The 2013 criminal law amendments, which were based partially on the Verma Committee (set up after the Nirbhaya case) recommendations, widened the definition of rape and amended procedural laws to make rape trials more victim-friendly by putting prohibitions on bringing up past sexual history of victim into the trial.

But laws do not justice make.

These legislative interventions have only resulted in construction of elaborate criminal legal frameworks without a political or institutional one to support that. Is it any surprise that our inherited colonial criminal justice system is collapsing under the weight of these superstructural additions?

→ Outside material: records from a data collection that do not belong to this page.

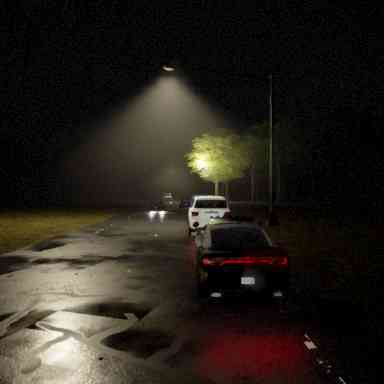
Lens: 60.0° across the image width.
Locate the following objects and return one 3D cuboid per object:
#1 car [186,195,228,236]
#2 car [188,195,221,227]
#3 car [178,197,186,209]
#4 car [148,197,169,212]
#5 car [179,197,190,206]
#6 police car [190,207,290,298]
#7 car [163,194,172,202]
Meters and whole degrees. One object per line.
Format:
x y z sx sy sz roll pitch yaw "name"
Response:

Textual changes in law have not yielded better investigation by police who continue to harbour prejudices against women for their choice of clothes. Medical professionals continue to use the discarded ‘two-finger’ test to evidence rape, despite a Supreme Court ruling and a corresponding Health Ministry guideline outlawing it. Defence lawyers still use prohibited line of questioning during cross-examination by repeatedly invoking the victim’s past sexual history, and judges continue to fixate on stereotypical assumptions of the ideal rape victim by scrutinising physical resistance during the act and whether she displayed deathless shame after the act. The victim is put on trial. The institution is also doubly- rigged against the victim when caste, religion, disability, and other axis of marginality intersect.

On the other hand, as an unintended consequence of so-called ‘harsher punishments’, a euphemism for mandatory minimum sentencing and longer sentences, conviction rate has expectedly fallen. Add to this the phenomenon of backlash against perceived feminist legal gains, shadowed by accusations that women fabricate such stories — and one gets a deadly cocktail.

One possible way out is to train every actor in the criminal justice system to keep prejudices out. This unlearning of bias should not only look at discrimination on the basis of sex, but also caste, class, religion, sexual orientation etc. Currently, there is little information on the training that judges of special courts or special public prosecutors undergo on sexual violence. Gender audits of courts need to start on an urgent basis if we want our institutions to change.

This column first appeared in the print edition on June 6, 2021 under the title “How about an ‘ideal’ rape trial.” Sen teaches at Jindal Global Law School.